▶ _Work to be completed_: Locate each line of the material that contains "track", then return it.
———
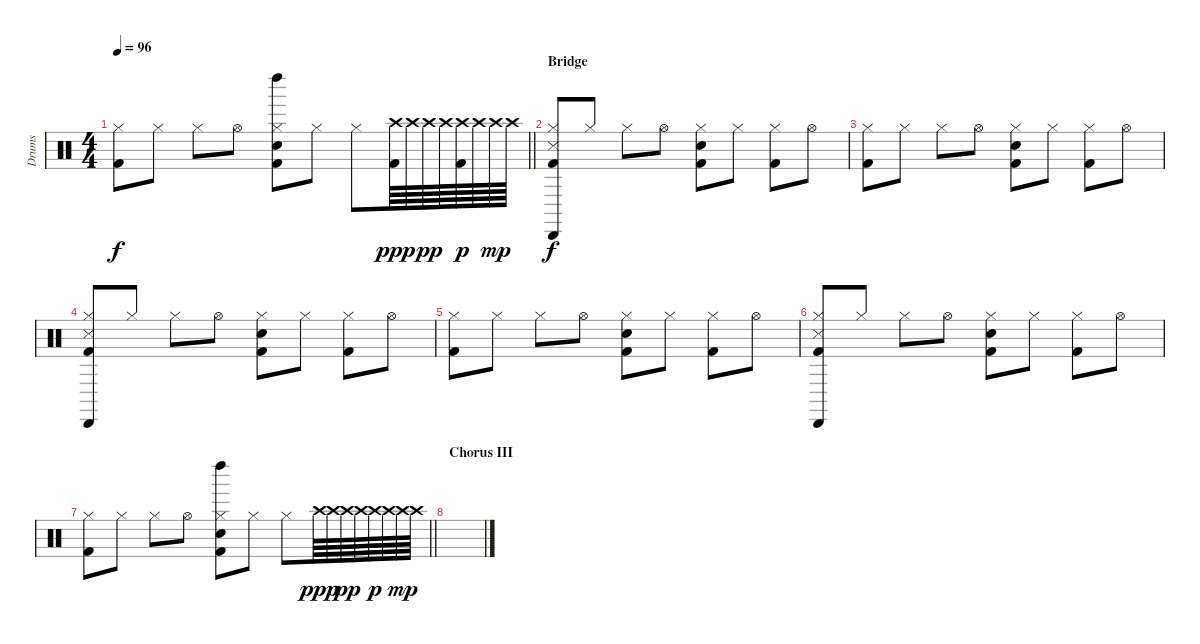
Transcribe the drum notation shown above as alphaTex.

\track ("Drums   " "Drums   ") {instrument percussion}
\staff {score}
\articulation defaults
\ts (4 4)
\tempo 96
\clef neutral
\barLineRight lightlight
\ks c
("Hi-Hat (closed)" "Kick (hit) 2").8{dy f} "Hi-Hat (closed)".8 "Hi-Hat (closed)".8 "Hi-Hat (open)".8 ("Hi-Hat (closed)" "Electric Snare (hit)" "Kick (hit) 2" "Left Maraca (hit)").8 "Hi-Hat (closed)".8 "Hi-Hat (closed)".8 ("Crash high (hit)" "Kick (hit) 2").64{dy ppp} "Crash high (hit)".64 "Crash high (hit)".64{dy pp} "Crash high (hit)".64 ("Crash high (hit)" "Kick (hit) 2").64{dy p} "Crash high (hit)".64 "Crash high (hit)".64{dy mp} "Crash high (hit)".64 |
\section ("" "Bridge")
("Snare (side stick) 3" "Hi-Hat (closed)" "Kick (hit) 2" "Cabasa (hit)").8{dy f} "Hi-Hat (closed)".8 "Hi-Hat (closed)".8 "Hi-Hat (open)".8 ("Hi-Hat (closed)" "Electric Snare (hit)" "Kick (hit) 2").8 "Hi-Hat (closed)".8 ("Hi-Hat (closed)" "Kick (hit) 2").8 "Hi-Hat (open)".8 |
("Hi-Hat (closed)" "Kick (hit) 2").8 "Hi-Hat (closed)".8 "Hi-Hat (closed)".8 "Hi-Hat (open)".8 ("Hi-Hat (closed)" "Electric Snare (hit)" "Kick (hit) 2").8 "Hi-Hat (closed)".8 ("Hi-Hat (closed)" "Kick (hit) 2").8 "Hi-Hat (open)".8 |
("Snare (side stick) 3" "Hi-Hat (closed)" "Kick (hit) 2" "Cabasa (hit)").8 "Hi-Hat (closed)".8 "Hi-Hat (closed)".8 "Hi-Hat (open)".8 ("Hi-Hat (closed)" "Electric Snare (hit)" "Kick (hit) 2").8 "Hi-Hat (closed)".8 ("Hi-Hat (closed)" "Kick (hit) 2").8 "Hi-Hat (open)".8 |
("Hi-Hat (closed)" "Kick (hit) 2").8 "Hi-Hat (closed)".8 "Hi-Hat (closed)".8 "Hi-Hat (open)".8 ("Hi-Hat (closed)" "Electric Snare (hit)" "Kick (hit) 2").8 "Hi-Hat (closed)".8 ("Hi-Hat (closed)" "Kick (hit) 2").8 "Hi-Hat (open)".8 |
("Snare (side stick) 3" "Hi-Hat (closed)" "Kick (hit) 2" "Cabasa (hit)").8 "Hi-Hat (closed)".8 "Hi-Hat (closed)".8 "Hi-Hat (open)".8 ("Hi-Hat (closed)" "Electric Snare (hit)" "Kick (hit) 2").8 "Hi-Hat (closed)".8 ("Hi-Hat (closed)" "Kick (hit) 2").8 "Hi-Hat (open)".8 |
\barLineRight lightlight
("Hi-Hat (closed)" "Kick (hit) 2").8 "Hi-Hat (closed)".8 "Hi-Hat (closed)".8 "Hi-Hat (open)".8 ("Hi-Hat (closed)" "Electric Snare (hit)" "Kick (hit) 2" "Left Maraca (hit)").8 "Hi-Hat (closed)".8 "Hi-Hat (closed)".8 "Crash high (hit)".64{dy ppp} "Crash high (hit)".64 "Crash high (hit)".64{dy pp} "Crash high (hit)".64 "Crash high (hit)".64{dy p} "Crash high (hit)".64 "Crash high (hit)".64{dy mp} "Crash high (hit)".64 |
\section ("" "Chorus III")
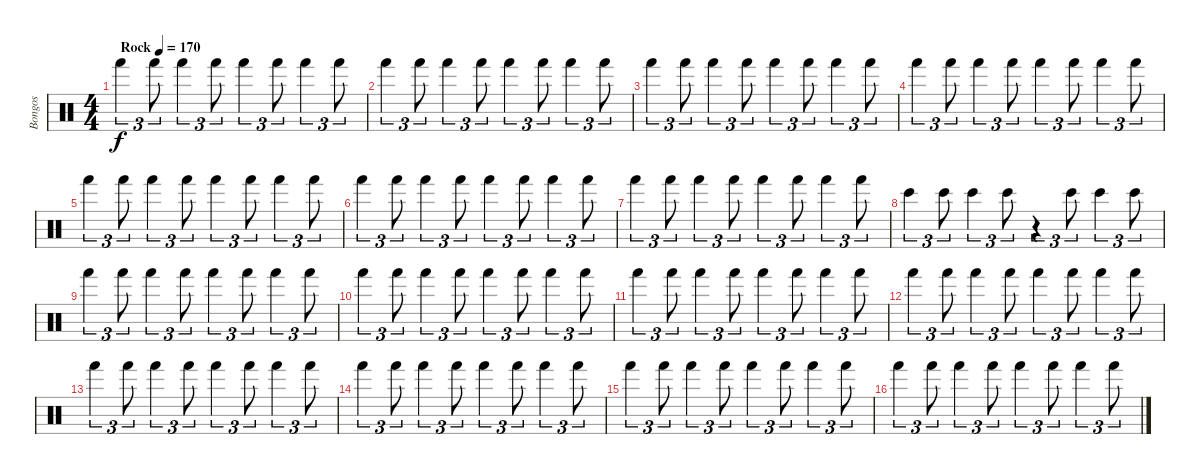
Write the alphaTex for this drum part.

\track ("Bongos" "Bongos") {instrument percussion}
\staff {score}
\articulation defaults
\ts (4 4)
\tempo (170 "Rock")
\clef neutral
\ks c "Hand (hit)".4{tu (3 2) dy f} "Hand (hit)".8{tu (3 2)} "Hand (hit)".4{tu (3 2)} "Hand (hit)".8{tu (3 2)} "Hand (hit)".4{tu (3 2)} "Hand (hit)".8{tu (3 2)} "Hand (hit)".4{tu (3 2)} "Hand (hit)".8{tu (3 2)}
|
"Hand (hit)".4{tu (3 2)} "Hand (hit)".8{tu (3 2)} "Hand (hit)".4{tu (3 2)} "Hand (hit)".8{tu (3 2)} "Hand (hit)".4{tu (3 2)} "Hand (hit)".8{tu (3 2)} "Hand (hit)".4{tu (3 2)} "Hand (hit)".8{tu (3 2)} |
"Hand (hit)".4{tu (3 2)} "Hand (hit)".8{tu (3 2)} "Hand (hit)".4{tu (3 2)} "Hand (hit)".8{tu (3 2)} "Hand (hit)".4{tu (3 2)} "Hand (hit)".8{tu (3 2)} "Hand (hit)".4{tu (3 2)} "Hand (hit)".8{tu (3 2)} |
"Hand (hit)".4{tu (3 2)} "Hand (hit)".8{tu (3 2)} "Hand (hit)".4{tu (3 2)} "Hand (hit)".8{tu (3 2)} "Hand (hit)".4{tu (3 2)} "Hand (hit)".8{tu (3 2)} "Hand (hit)".4{tu (3 2)} "Hand (hit)".8{tu (3 2)} |
"Hand (hit)".4{tu (3 2)} "Hand (hit)".8{tu (3 2)} "Hand (hit)".4{tu (3 2)} "Hand (hit)".8{tu (3 2)} "Hand (hit)".4{tu (3 2)} "Hand (hit)".8{tu (3 2)} "Hand (hit)".4{tu (3 2)} "Hand (hit)".8{tu (3 2)} |
"Hand (hit)".4{tu (3 2)} "Hand (hit)".8{tu (3 2)} "Hand (hit)".4{tu (3 2)} "Hand (hit)".8{tu (3 2)} "Hand (hit)".4{tu (3 2)} "Hand (hit)".8{tu (3 2)} "Hand (hit)".4{tu (3 2)} "Hand (hit)".8{tu (3 2)} |
"Hand (hit)".4{tu (3 2)} "Hand (hit)".8{tu (3 2)} "Hand (hit)".4{tu (3 2)} "Hand (hit)".8{tu (3 2)} "Hand (hit)".4{tu (3 2)} "Hand (hit)".8{tu (3 2)} "Hand (hit)".4{tu (3 2)} "Hand (hit)".8{tu (3 2)} |
"Bongo High (hit)".4{tu (3 2)} "Bongo High (hit)".8{tu (3 2)} "Bongo High (hit)".4{tu (3 2)} "Bongo High (hit)".8{tu (3 2)} r.4{tu (3 2)} "Bongo High (hit)".8{tu (3 2)} "Bongo High (hit)".4{tu (3 2)} "Bongo High (hit)".8{tu (3 2)} |
"Hand (hit)".4{tu (3 2)} "Hand (hit)".8{tu (3 2)} "Hand (hit)".4{tu (3 2)} "Hand (hit)".8{tu (3 2)} "Hand (hit)".4{tu (3 2)} "Hand (hit)".8{tu (3 2)} "Hand (hit)".4{tu (3 2)} "Hand (hit)".8{tu (3 2)} |
"Hand (hit)".4{tu (3 2)} "Hand (hit)".8{tu (3 2)} "Hand (hit)".4{tu (3 2)} "Hand (hit)".8{tu (3 2)} "Hand (hit)".4{tu (3 2)} "Hand (hit)".8{tu (3 2)} "Hand (hit)".4{tu (3 2)} "Hand (hit)".8{tu (3 2)} |
"Hand (hit)".4{tu (3 2)} "Hand (hit)".8{tu (3 2)} "Hand (hit)".4{tu (3 2)} "Hand (hit)".8{tu (3 2)} "Hand (hit)".4{tu (3 2)} "Hand (hit)".8{tu (3 2)} "Hand (hit)".4{tu (3 2)} "Hand (hit)".8{tu (3 2)} |
"Hand (hit)".4{tu (3 2)} "Hand (hit)".8{tu (3 2)} "Hand (hit)".4{tu (3 2)} "Hand (hit)".8{tu (3 2)} "Hand (hit)".4{tu (3 2)} "Hand (hit)".8{tu (3 2)} "Hand (hit)".4{tu (3 2)} "Hand (hit)".8{tu (3 2)} |
"Hand (hit)".4{tu (3 2)} "Hand (hit)".8{tu (3 2)} "Hand (hit)".4{tu (3 2)} "Hand (hit)".8{tu (3 2)} "Hand (hit)".4{tu (3 2)} "Hand (hit)".8{tu (3 2)} "Hand (hit)".4{tu (3 2)} "Hand (hit)".8{tu (3 2)} |
"Hand (hit)".4{tu (3 2)} "Hand (hit)".8{tu (3 2)} "Hand (hit)".4{tu (3 2)} "Hand (hit)".8{tu (3 2)} "Hand (hit)".4{tu (3 2)} "Hand (hit)".8{tu (3 2)} "Hand (hit)".4{tu (3 2)} "Hand (hit)".8{tu (3 2)} |
"Hand (hit)".4{tu (3 2)} "Hand (hit)".8{tu (3 2)} "Hand (hit)".4{tu (3 2)} "Hand (hit)".8{tu (3 2)} "Hand (hit)".4{tu (3 2)} "Hand (hit)".8{tu (3 2)} "Hand (hit)".4{tu (3 2)} "Hand (hit)".8{tu (3 2)} |
"Hand (hit)".4{tu (3 2)} "Hand (hit)".8{tu (3 2)} "Hand (hit)".4{tu (3 2)} "Hand (hit)".8{tu (3 2)} "Hand (hit)".4{tu (3 2)} "Hand (hit)".8{tu (3 2)} "Hand (hit)".4{tu (3 2)} "Hand (hit)".8{tu (3 2)}
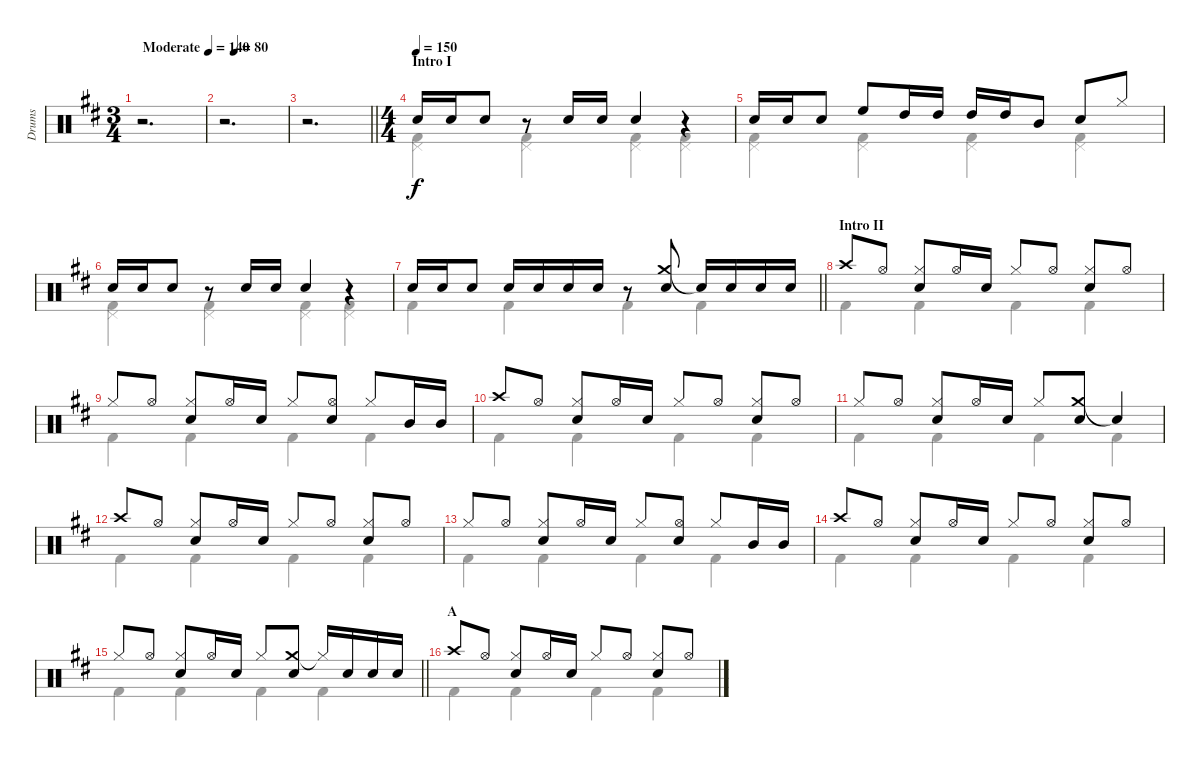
———
▶ _Response area_:
\track ("Drums   " "Drums   ") {instrument percussion}
\track ("Bongos" "Bongos") {instrument percussion}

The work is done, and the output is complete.